Grève des auteurs, scenario catastrophe

Bientôt la fonction publique en grève, trains et RER bloqués, grève du zèle de policiers grognons, arrêts de travail à répétition. Blocages à tous les étages, râles et pleurs, exaspération, chahuts et manifestations. Un novembre noir en perspective.

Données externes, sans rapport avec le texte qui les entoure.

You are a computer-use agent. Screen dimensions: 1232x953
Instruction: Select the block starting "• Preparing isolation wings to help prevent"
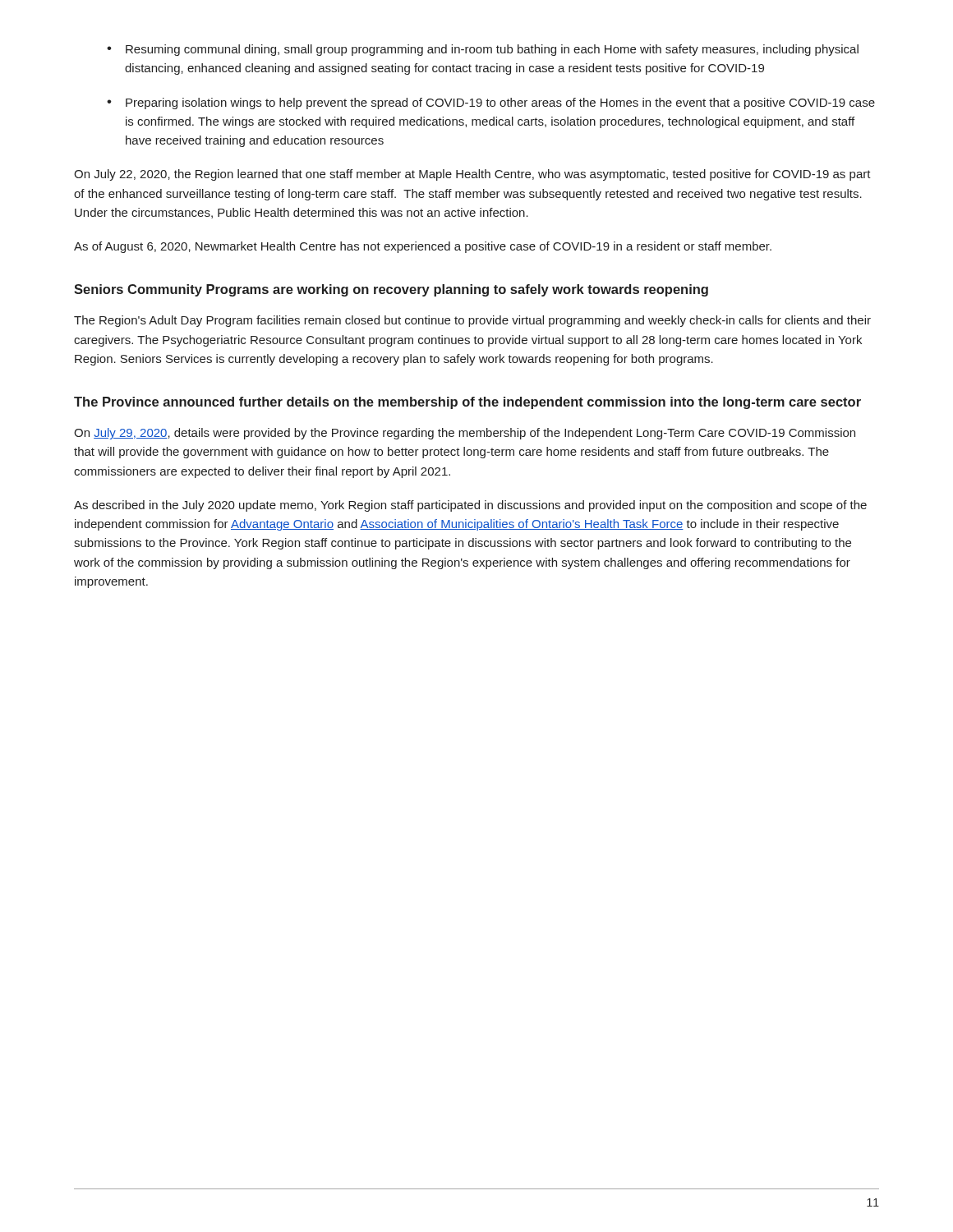[493, 121]

Qu’on se console en se disant que tout cela n’est que roupie de sansonnet à côté de ce qui menace aux USA : une grève des auteurs.
Oui, une grève des auteurs dont le foyer ardent est Hollywood et qui enflammera comme une traînée de poudre l’ensemble du paysage audiovisuel américain. Ca n’a l’air de rien comme ça, mais les conséquences en sont incalculables. Des animateurs de talk-shows tout à coup bredouillant sans les papiers livrés par les auteurs, des séries en panne et des suites en suspens. Comment saucissonner sans saucisson ? Les annonceurs s’alarment et les médias sont en émoi. L’angoisse de la page blanche s’abat sur l’Amérique comme une neige de cauchemars. Plus de sang à sucer au grand bal des vampires. Plus de cerveaux disponibles pour y glisser sa paille de sodas lourds ou light King size ou en faire des rillettes à hamburger. Et si ces cerveaux là, laissés à leur ennui, débranchaient tout à coup les deux électrodes hifi branchées dans chaque oreille et reliées autour du crâne ? S’ils écoutaient pour le malheur des annonceurs le son du monde et non cette bouillie musicale directement sucée des produits à consommer qu’ils avalent tous les jours par gigatonnes d’images lisses hyper pixellisées ? S’ils arrêtaient subitement de rêver (faute de scenarios disponibles) des rêves à consommer tout frais, et se faisaient leurs propres rêves et scénarios en regardant sur leur chemin passer le monde, ou mieux encore, en lisant ?
Ce serait sans doute pour ce monde unidimensionnel s’enfilant des histoires comme on enfile des perles, une catastrophe qu’aucun scénariste de film à gros budget ne peut imaginer. Le ferait-il d’ailleurs, ce serait là scier la branche où sont posés les auteurs, oiseaux chanteurs à beaux ramages, et beaux plumages et gros fromages. Car il est clair qu’une grosse partie de cette économie de consommation repose sur le savoir faire des raconteurs d’histoires.